Sodium propanoate is a salt of a weak acid and a strong base, which will undergo hydrolysis and cause an increase in pH. Since the sodium ion is a spectator ion, we focus on the equilibrium of the propanoate ion, \(\mathrm{C}_{3} \mathrm{H}_{5} \mathrm{O}_{2}^{-}\), in the water, which contributes \(\mathrm{OH}^-\) ions: \(\mathrm{C}_{3} \mathrm{H}_{5} \mathrm{O}_{2}^{-} + \mathrm{H}_{2} \mathrm{O} \leftrightharpoons \mathrm{HC}_{3} \mathrm{H}_{5} \mathrm{O}_{2} + \mathrm{OH}^{-}\) We can find the \(K_\mathrm{b}\) value for the propanoate ion by using the relationship between \(K_\mathrm{a}\), \(K_\mathrm{b}\) and \(K_\mathrm{w}\): \(K_\mathrm{b} = \dfrac{K_\mathrm{w}}{K_\mathrm{a}}\) Let \(x\) be the concentration of propanoate ions that underwent hydrolysis forming hydroxide ions. At equilibrium, the concentrations are: \(\mathrm{C}_{3} \mathrm{H}_{5} \mathrm{O}_{2}^{-}: 0.100-x \) \(\mathrm{HC}_{3} \mathrm{H}_{5} \mathrm{O}_{2}: x\) \(\mathrm{OH}^{-}: x \) Now, we can write the \(K_\mathrm{b}\) expression: \(K_\mathrm{b}=\dfrac{[\mathrm{HC}_{3} \mathrm{H}_{5} \mathrm{O}_{2}][\mathrm{OH}^{-}]}{[\mathrm{C}_{3} \mathrm{H}_{5} \mathrm{O}_{2}^{-}]}\) Using the equilibrium concentrations and calculating \(K_\mathrm{b}\) from \(K_\mathrm{a}\) and \(K_\mathrm{w}\), we can solve for \(x\) to get the hydroxide ion concentration. Then, we can calculate the \(pOH\) and \(pH\) values accordingly.

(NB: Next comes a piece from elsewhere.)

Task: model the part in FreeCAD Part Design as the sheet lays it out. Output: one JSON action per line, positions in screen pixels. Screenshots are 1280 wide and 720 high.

Pure water acts as both an acid and a base and undergoes auto-ionization, resulting in very low concentrations of both hydroxide and hydronium ions. \(\mathrm{H}_{2} \mathrm{O} \leftrightharpoons \mathrm{H}^{+} + \mathrm{OH}^{-}\) At 25 °C, the \(K_\mathrm{w}\) value is \(1.0 \times 10^{-14}\). Since in pure water the concentrations of hydronium and hydroxide ions are equal, we can write: \(K_\mathrm{w}=[\mathrm{H}^{+}]^2\) \(\mathrm{pH}=-\log\left( [\mathrm{H}^{+}] \right)\) We can substitute the \(K_\mathrm{w}\) value into the equations to find the pH of pure water, which should be close to 7.

We now need to analyze a mixture containing both the weak acid and its conjugate base, \(\mathrm{HC}_{3} \mathrm{H}_{5} \mathrm{O}_{2}\) and \(\mathrm{NaC}_{3} \mathrm{H}_{5} \mathrm{O}_{2}\). This is a buffer system. The buffer system's pH can be found using the Henderson-Hasselbalch equation: \(pH = pK_\mathrm{a} + \log \left(\dfrac{[\mathrm{C}_{3} \mathrm{H}_{5} \mathrm{O}_{2}^-]}{[\mathrm{HC}_{3} \mathrm{H}_{5} \mathrm{O}_{2}]}\right)\) We are given the initial concentrations of both species, so we can simply substitute them into the equation to compute the mixture's pH.